Proposal Details
The non-inlined path of AppendRune
classifies runes with a switch
statement by checking the range in which the code point is. Each case
evaluates a range in increasing byte-size order. The exception is the branch that checks for the surrogate range, where the rune is overwritten to be RuneError
and then fallthrough
to the 3 byte case. The condition to enter this case additionally checks that the rune is not negative nor it is greater than MaxRune
, in which cases the rune written should also be RuneError
. The final and default case
is a rune being a valid 4 byte code point.

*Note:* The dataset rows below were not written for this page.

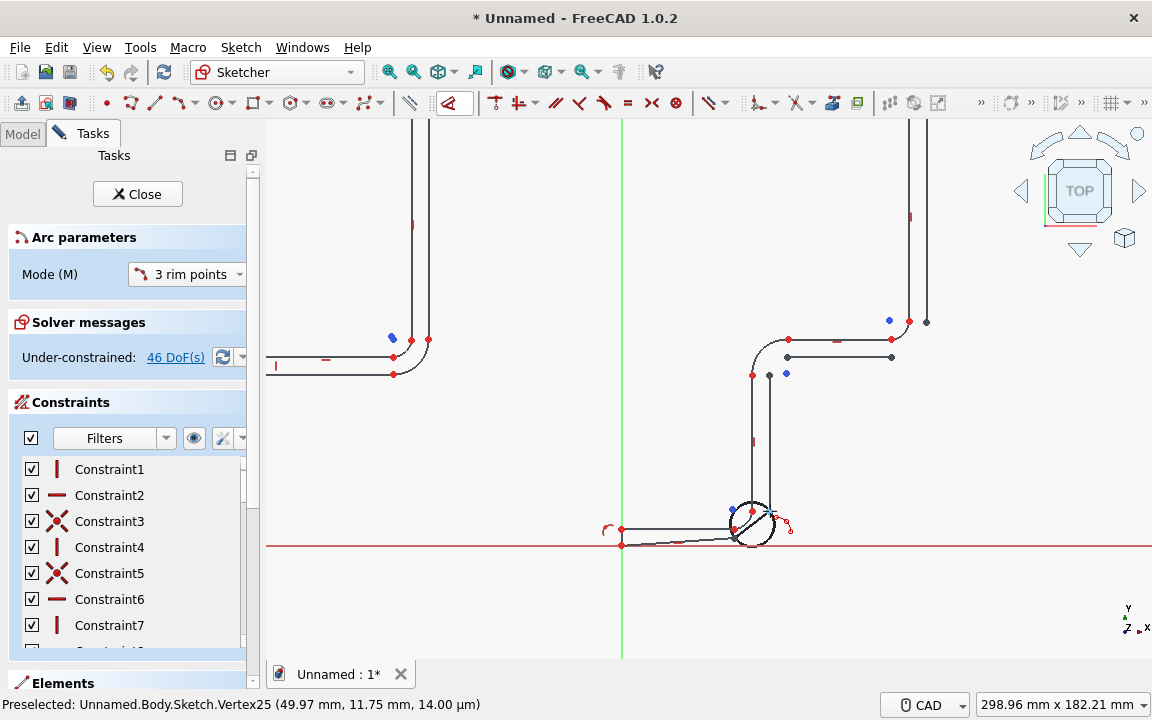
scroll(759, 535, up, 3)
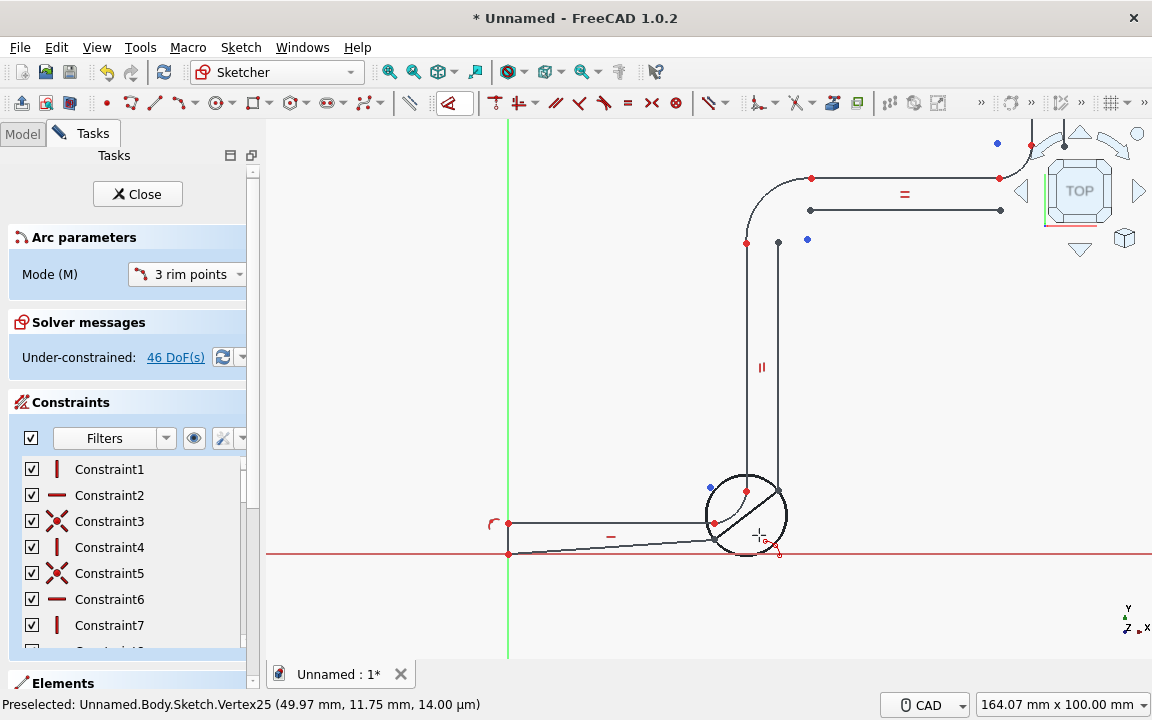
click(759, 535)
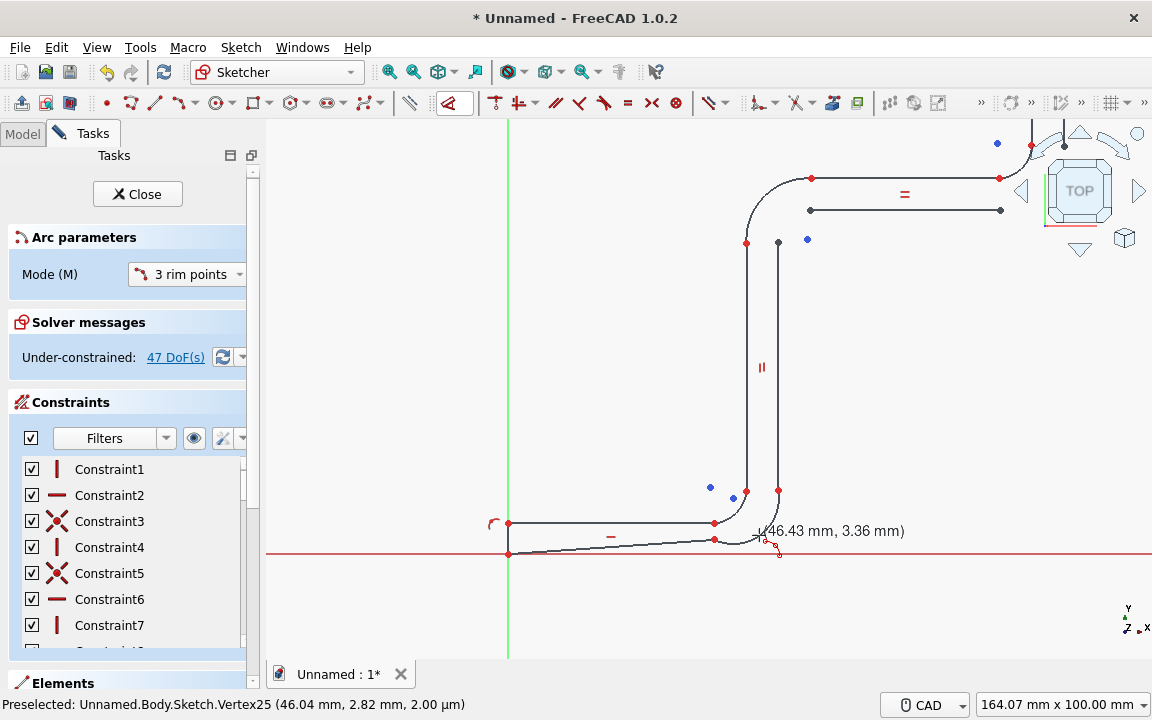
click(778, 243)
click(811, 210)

The additional check for non-negative, non greater than MaxRune
code points at that step in the switch
evaluation apparently creates a bias for faster evaluation of these cases, at the cost of delaying the evaluation of valid and higher bit values. From practice, delaying this evaluation and having the valid 4-byte runes evaluate before these cases reverts this bias, and adds a small improvement in performance for valid runes.
Benchmark results:
goos: linux
goarch: amd64
pkg: unicode/utf8
cpu: 11th Gen Intel(R) Core(TM) i7-1165G7 @ 2.80GHz
│ old.txt │ new.txt │
│ sec/op │ sec/op vs base │
AppendASCIIRune-8 0.2140n ± 0% 0.2140n ± 0% ~ (p=0.406 n=20)
AppendSpanishRune-8 1.627n ± 2% 1.597n ± 2% -1.90% (p=0.021 n=20)
AppendJapaneseRune-8 2.171n ± 1% 2.156n ± 0% -0.69% (p=0.038 n=20)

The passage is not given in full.